Evaluating the Instruction-following Abilities of Language Models using Knowledge Tasks

This repository is the official implementation of Evaluating the Instruction-following Abilities of Language Models using Knowledge Tasks

KCIF is a benchmark for evaluating the instruction-following capabilities of Large Language Models (LLM). We adapt existing knowledge benchmarks and augment them with instructions that are a) conditional on correctly answering the knowledge task or b) use the space of candidate options in multiple-choice knowledge-answering tasks.
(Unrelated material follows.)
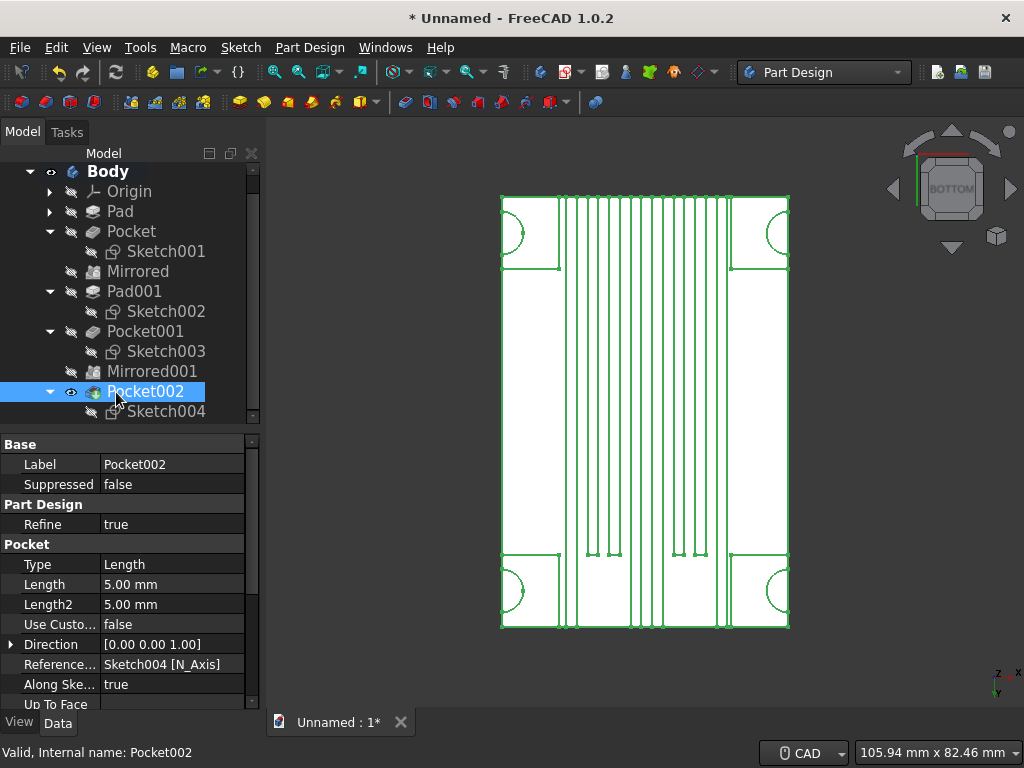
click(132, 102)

KCIF allows us to study model characteristics, such as their change in performance on the knowledge tasks in the presence of answer-modifying instructions and distractor instructions.

Getting Started

Dependencies

Python > 3.10 is preferred

Installing

conda create -n KCIF python=3.10
conda activate KCIF
pip install -r requirements.txt

Supported Datasets

MMLU-Pro
MathQA
BoolQ
PiQA
Winogrande
More tasks will be added soon.

Evaluation

To evaluate any model on KCIF, pls run the following command

python inference/run_inference.py --engine <engine_type> --model_name <HF model name or local checkpoint> --input_path <path to KCIF> --batch_size <batch size> --output_folder <path to output folder>

For the full list of arguments pls run

python inference/run_inference.py --help

Scoring Generations

The evaluation script expects a JSON configuration file containing paths to generations for both instruction-following (if_filepath) and non-instruction-following (noif_filepath) versions of each model.

Here's a sample json file

[
    {
        "if_filepath": "test_results/Meta-Llama-3.1-8B-Instruct_instruction_follow/all_results.jsonl",
        "noif_filepath": "test_results/Meta-Llama-3.1-8B-Instruct_no_instruction_follow/all_results.jsonl",
        "model": "llama"
    },
    {
        "if_filepath": "test_results/Qwen2.5-72B-Instruct_instruction_follow/all_results.jsonl",
        "noif_filepath": "test_results/Qwen2.5-72B-Instruct_no_instruction_follow/all_results.jsonl",
        "model": "qwen_72B"
    }
]

Each entry in the config includes:

if_filepath: Path to instruction-following generations
noif_filepath: Path to non-instruction-following generations
model: Name or identifier for the model.

Usage

Run the following command to compute metrics based on the config:

python -m evaluation.compute_metrics --config path/to/config.json --output_folder path/to/output

Arguments:

--config: Path to the configuration JSON file.
--output_folder: Directory where the computed metrics will be saved.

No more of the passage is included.